Dataset content section start

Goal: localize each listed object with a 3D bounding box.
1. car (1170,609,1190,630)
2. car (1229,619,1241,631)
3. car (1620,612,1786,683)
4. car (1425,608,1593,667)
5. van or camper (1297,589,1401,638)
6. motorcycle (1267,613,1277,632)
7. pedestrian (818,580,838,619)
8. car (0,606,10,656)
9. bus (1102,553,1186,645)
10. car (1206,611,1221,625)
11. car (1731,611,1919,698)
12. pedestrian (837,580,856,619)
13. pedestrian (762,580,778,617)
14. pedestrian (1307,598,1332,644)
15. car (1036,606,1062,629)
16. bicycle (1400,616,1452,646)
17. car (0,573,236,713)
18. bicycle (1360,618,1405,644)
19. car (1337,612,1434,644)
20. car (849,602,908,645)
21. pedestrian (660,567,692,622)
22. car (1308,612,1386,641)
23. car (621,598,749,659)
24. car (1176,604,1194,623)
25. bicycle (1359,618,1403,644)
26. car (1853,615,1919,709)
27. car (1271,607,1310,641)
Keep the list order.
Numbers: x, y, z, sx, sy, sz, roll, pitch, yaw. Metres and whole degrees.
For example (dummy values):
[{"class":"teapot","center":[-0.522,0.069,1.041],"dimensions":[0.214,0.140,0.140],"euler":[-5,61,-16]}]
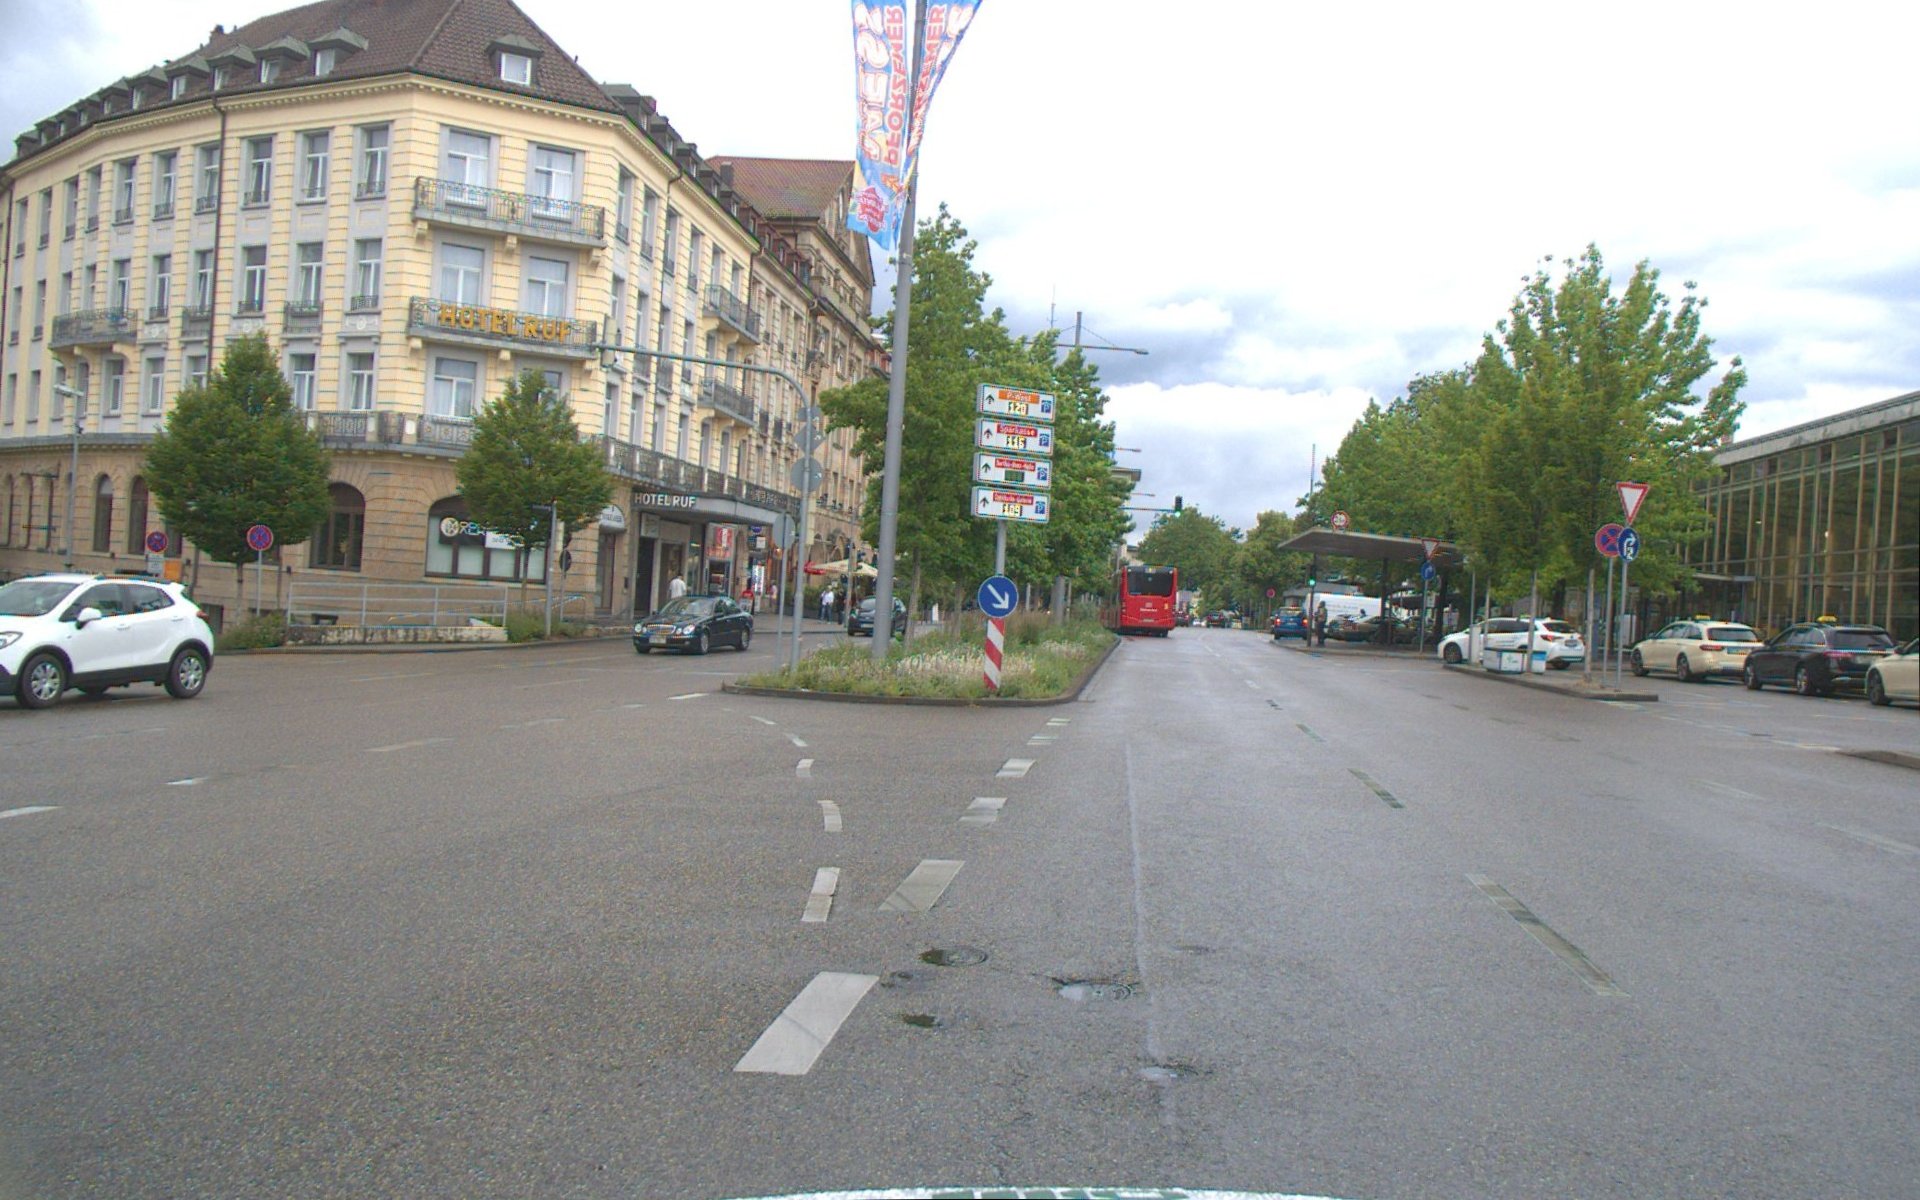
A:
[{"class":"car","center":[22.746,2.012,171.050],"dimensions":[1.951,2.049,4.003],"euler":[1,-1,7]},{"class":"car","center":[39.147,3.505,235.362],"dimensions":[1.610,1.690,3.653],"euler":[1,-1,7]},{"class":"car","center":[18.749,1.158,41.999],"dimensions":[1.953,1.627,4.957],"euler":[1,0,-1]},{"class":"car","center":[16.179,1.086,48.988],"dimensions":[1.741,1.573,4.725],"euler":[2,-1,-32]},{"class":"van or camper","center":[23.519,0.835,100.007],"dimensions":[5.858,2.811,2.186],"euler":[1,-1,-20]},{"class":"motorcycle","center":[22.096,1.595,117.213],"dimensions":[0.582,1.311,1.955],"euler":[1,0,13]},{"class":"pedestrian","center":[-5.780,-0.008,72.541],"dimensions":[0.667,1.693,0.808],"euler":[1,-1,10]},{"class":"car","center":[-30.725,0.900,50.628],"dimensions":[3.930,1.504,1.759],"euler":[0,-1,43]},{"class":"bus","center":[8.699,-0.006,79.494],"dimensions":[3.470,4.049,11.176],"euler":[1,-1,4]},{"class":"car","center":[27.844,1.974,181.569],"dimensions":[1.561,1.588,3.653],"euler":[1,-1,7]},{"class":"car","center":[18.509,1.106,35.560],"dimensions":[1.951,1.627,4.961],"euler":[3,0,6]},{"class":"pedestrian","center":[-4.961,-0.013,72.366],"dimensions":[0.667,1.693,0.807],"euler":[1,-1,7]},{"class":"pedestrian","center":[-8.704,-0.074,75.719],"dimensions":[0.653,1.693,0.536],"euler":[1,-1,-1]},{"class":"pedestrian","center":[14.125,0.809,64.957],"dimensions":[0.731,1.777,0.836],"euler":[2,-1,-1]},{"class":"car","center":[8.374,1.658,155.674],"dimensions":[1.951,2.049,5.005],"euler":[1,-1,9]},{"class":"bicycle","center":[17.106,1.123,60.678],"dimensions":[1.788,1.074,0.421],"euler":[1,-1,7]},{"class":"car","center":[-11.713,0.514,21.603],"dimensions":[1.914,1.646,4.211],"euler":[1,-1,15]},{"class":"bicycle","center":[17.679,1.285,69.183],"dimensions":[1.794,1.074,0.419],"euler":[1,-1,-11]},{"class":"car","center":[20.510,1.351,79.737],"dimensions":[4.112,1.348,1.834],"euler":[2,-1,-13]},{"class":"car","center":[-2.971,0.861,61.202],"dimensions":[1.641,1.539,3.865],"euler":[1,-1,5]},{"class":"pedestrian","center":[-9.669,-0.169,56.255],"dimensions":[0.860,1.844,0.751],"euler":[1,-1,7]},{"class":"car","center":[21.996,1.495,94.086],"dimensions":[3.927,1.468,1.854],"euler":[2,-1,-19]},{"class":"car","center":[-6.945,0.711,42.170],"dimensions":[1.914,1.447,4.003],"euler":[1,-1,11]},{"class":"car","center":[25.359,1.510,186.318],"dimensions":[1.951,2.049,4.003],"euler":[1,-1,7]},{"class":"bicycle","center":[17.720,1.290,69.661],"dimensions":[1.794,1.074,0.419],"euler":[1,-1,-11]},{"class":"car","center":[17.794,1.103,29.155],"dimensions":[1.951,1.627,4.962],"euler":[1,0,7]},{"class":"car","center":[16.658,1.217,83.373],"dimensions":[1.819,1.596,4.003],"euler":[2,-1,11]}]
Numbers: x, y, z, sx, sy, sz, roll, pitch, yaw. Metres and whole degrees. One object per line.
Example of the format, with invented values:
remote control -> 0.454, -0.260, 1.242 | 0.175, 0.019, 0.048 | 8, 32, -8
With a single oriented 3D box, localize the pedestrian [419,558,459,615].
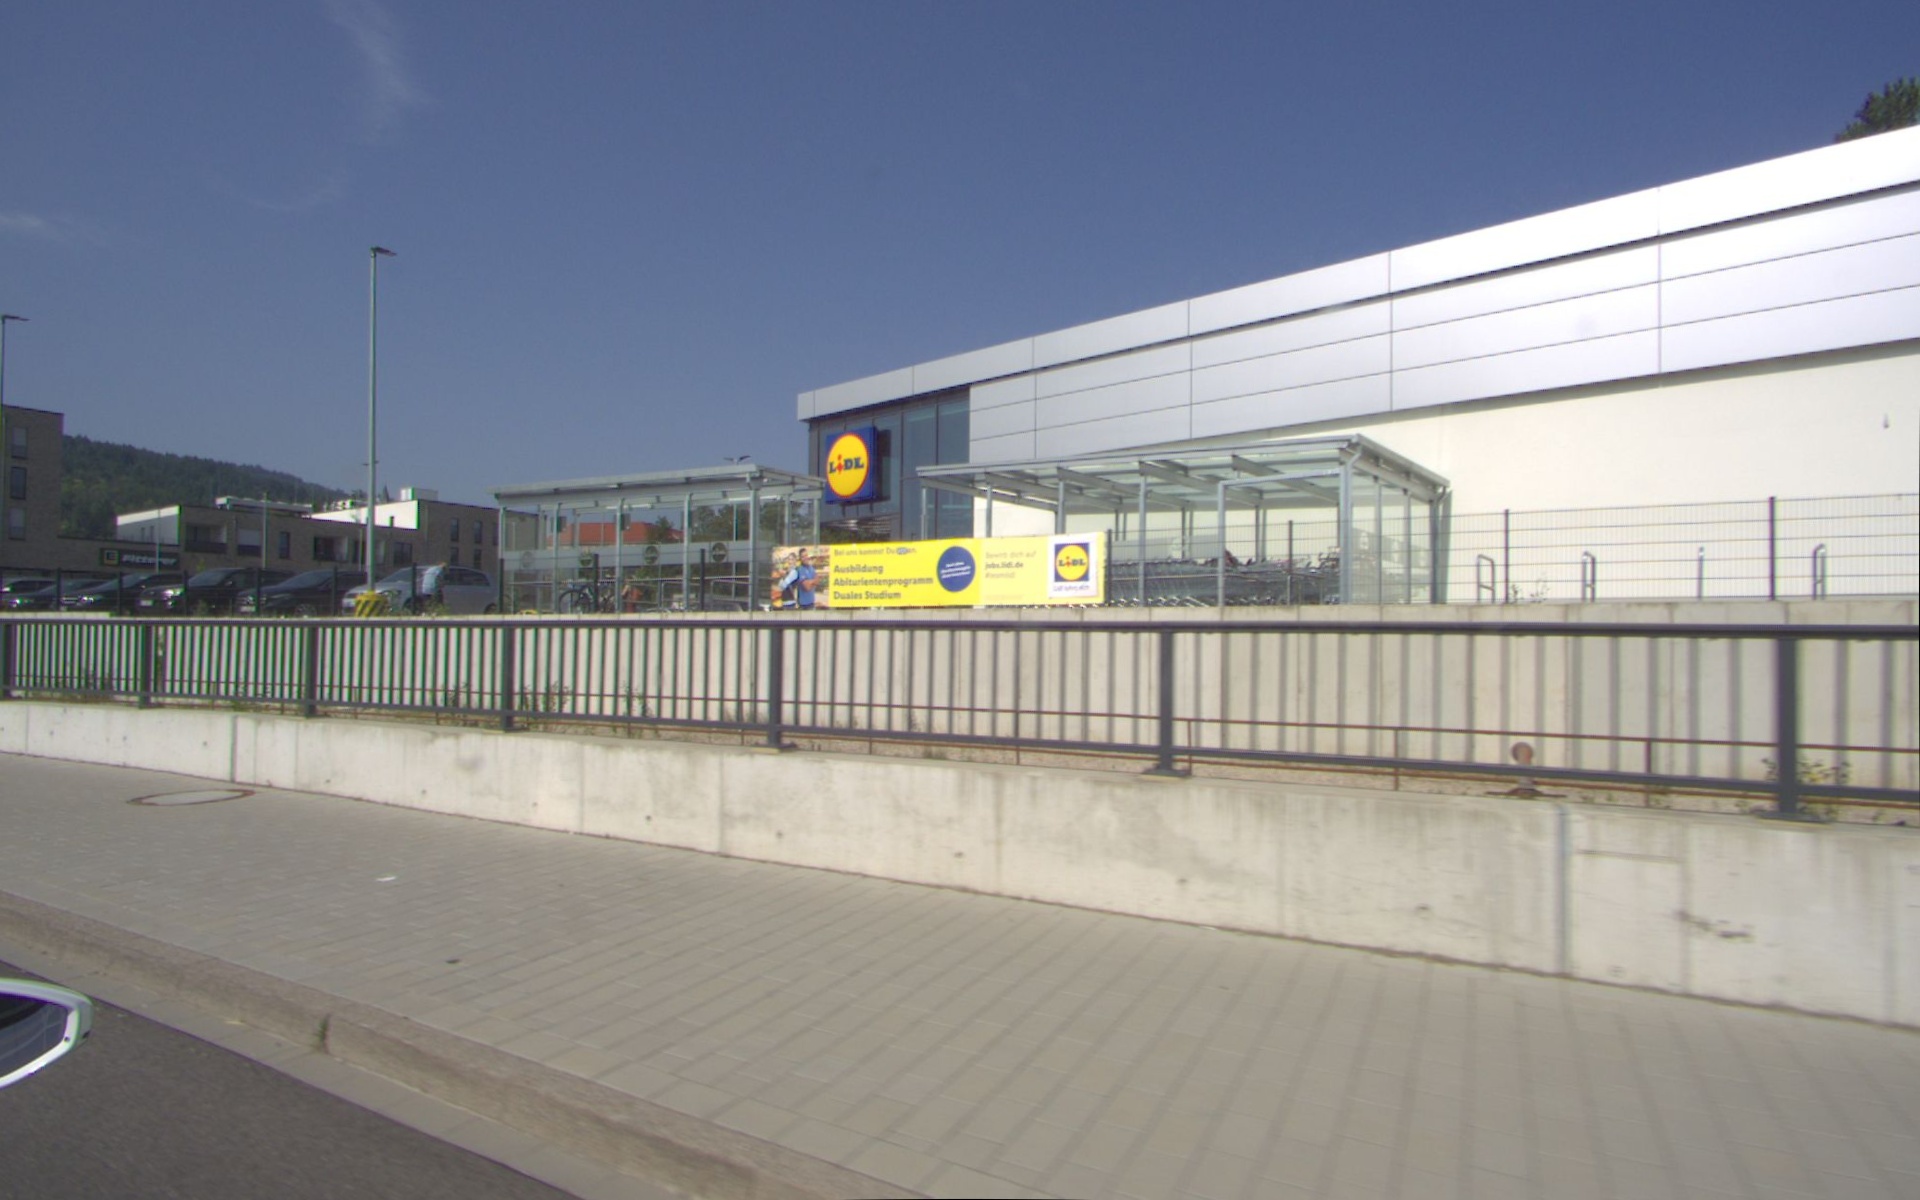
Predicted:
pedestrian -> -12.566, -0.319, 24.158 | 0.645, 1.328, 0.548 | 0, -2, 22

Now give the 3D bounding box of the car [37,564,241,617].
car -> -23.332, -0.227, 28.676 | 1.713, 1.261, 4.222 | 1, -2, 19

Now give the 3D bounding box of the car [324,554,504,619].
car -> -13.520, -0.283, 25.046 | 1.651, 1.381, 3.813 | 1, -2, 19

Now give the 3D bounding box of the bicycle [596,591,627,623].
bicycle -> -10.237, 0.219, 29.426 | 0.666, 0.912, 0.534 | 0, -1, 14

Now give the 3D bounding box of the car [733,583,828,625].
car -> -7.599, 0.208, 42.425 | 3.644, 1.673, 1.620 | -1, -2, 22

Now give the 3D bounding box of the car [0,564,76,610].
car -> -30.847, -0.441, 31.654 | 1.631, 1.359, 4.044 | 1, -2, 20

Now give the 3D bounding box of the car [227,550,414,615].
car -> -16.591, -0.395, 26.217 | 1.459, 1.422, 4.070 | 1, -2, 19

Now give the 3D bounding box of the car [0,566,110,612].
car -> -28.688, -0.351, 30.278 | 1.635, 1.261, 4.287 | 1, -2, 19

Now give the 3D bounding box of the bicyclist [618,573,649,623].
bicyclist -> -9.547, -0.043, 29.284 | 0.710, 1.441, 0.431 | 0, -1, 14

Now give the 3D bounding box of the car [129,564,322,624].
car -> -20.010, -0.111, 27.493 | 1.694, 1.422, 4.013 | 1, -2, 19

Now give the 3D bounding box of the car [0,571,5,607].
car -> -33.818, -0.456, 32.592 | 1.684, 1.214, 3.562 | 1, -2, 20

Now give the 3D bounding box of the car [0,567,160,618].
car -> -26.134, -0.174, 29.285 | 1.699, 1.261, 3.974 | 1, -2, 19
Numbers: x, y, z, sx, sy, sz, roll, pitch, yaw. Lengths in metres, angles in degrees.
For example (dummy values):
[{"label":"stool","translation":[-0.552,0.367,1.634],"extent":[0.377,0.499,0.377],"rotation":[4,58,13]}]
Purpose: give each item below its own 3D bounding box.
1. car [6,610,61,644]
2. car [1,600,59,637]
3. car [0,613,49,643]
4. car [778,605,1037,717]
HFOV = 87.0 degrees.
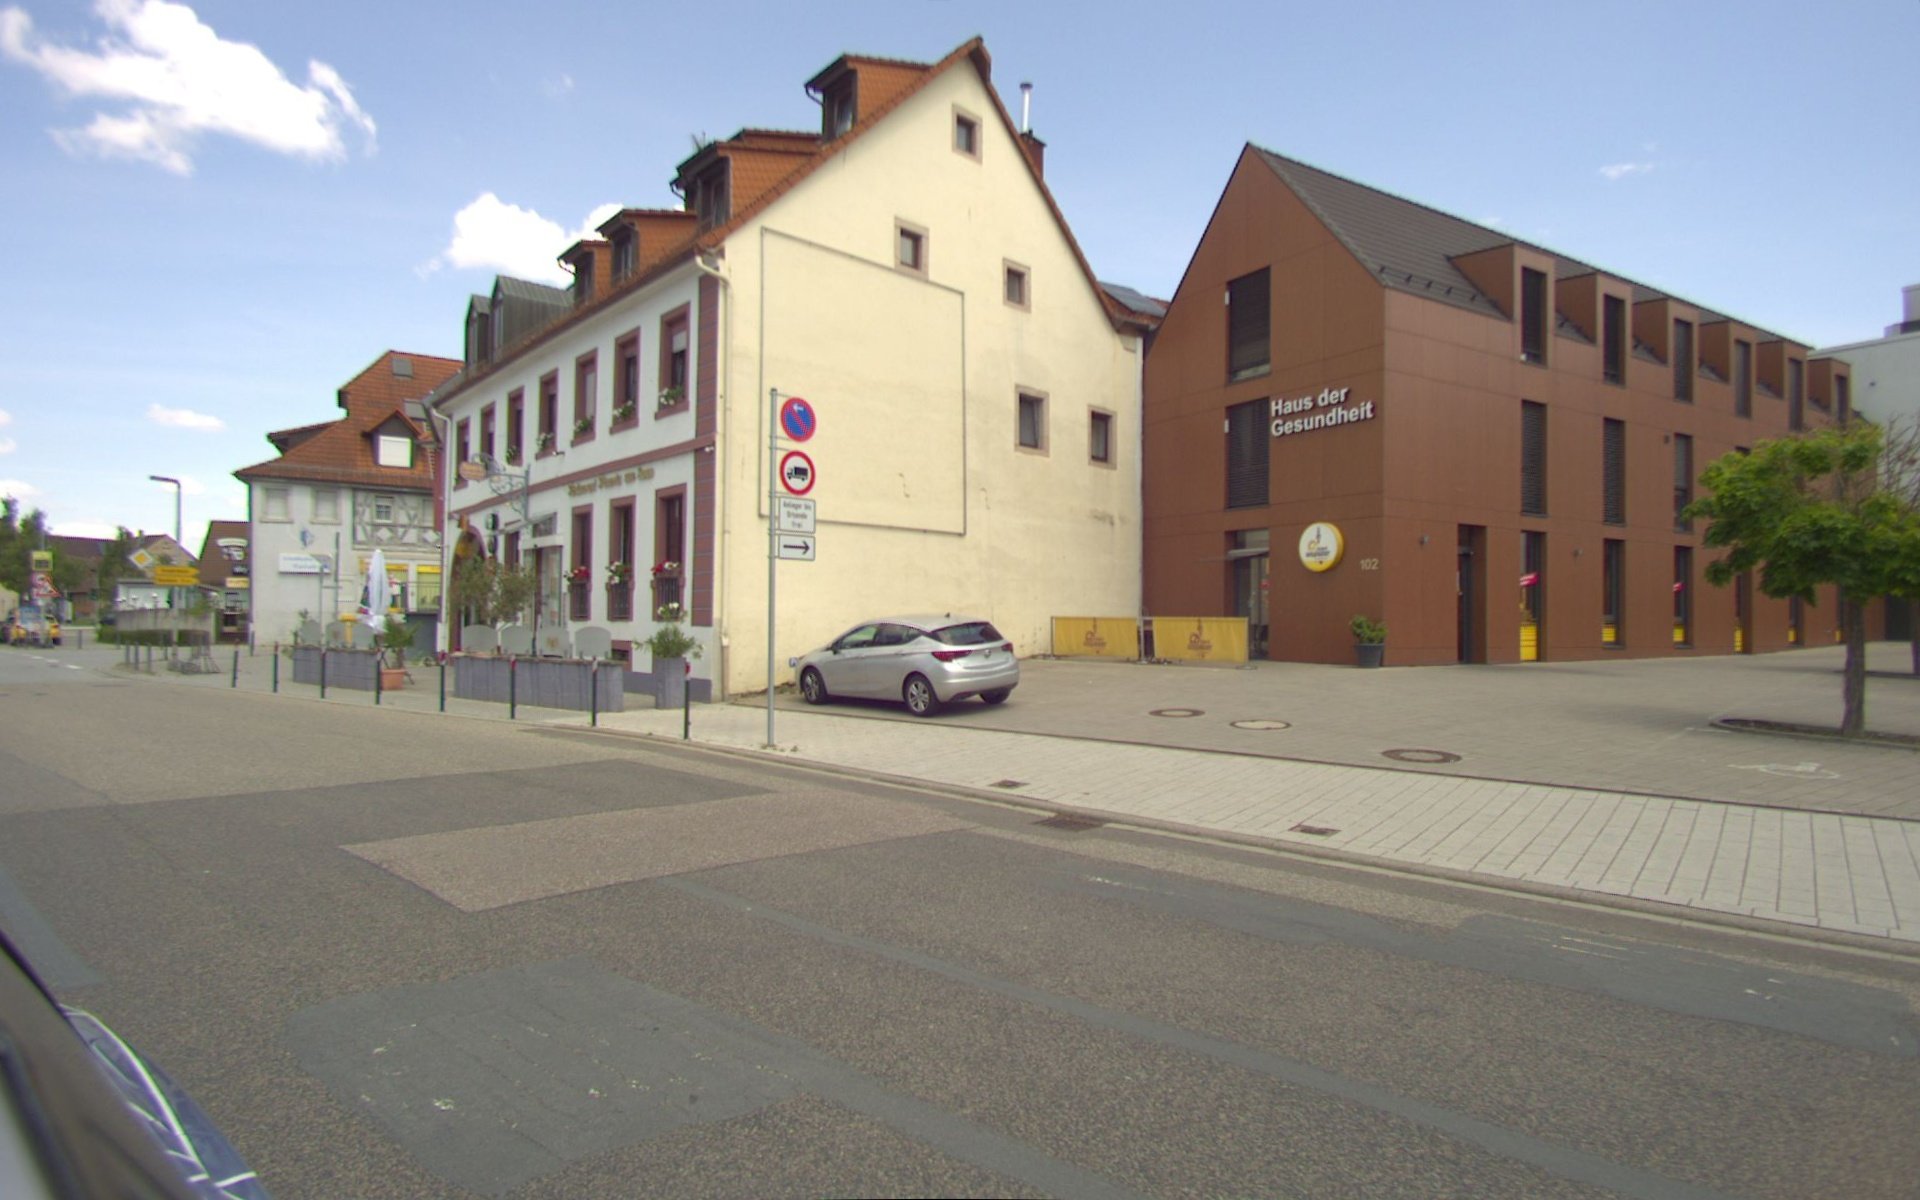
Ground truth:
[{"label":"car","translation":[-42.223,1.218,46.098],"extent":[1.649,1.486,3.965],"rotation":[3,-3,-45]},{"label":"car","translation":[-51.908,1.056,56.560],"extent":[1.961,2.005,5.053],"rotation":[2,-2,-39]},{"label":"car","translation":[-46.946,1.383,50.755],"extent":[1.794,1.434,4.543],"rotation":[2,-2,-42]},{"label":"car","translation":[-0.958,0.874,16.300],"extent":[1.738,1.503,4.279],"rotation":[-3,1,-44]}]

Dataset content section end

[Your assignment] Note every line of the entries in which "localize" appears, and copy it down.

[Solution to the problem]
Goal: localize each listed object with a 3D bounding box.
With a single oriented 3D box, localize the pedestrian [419,558,459,615].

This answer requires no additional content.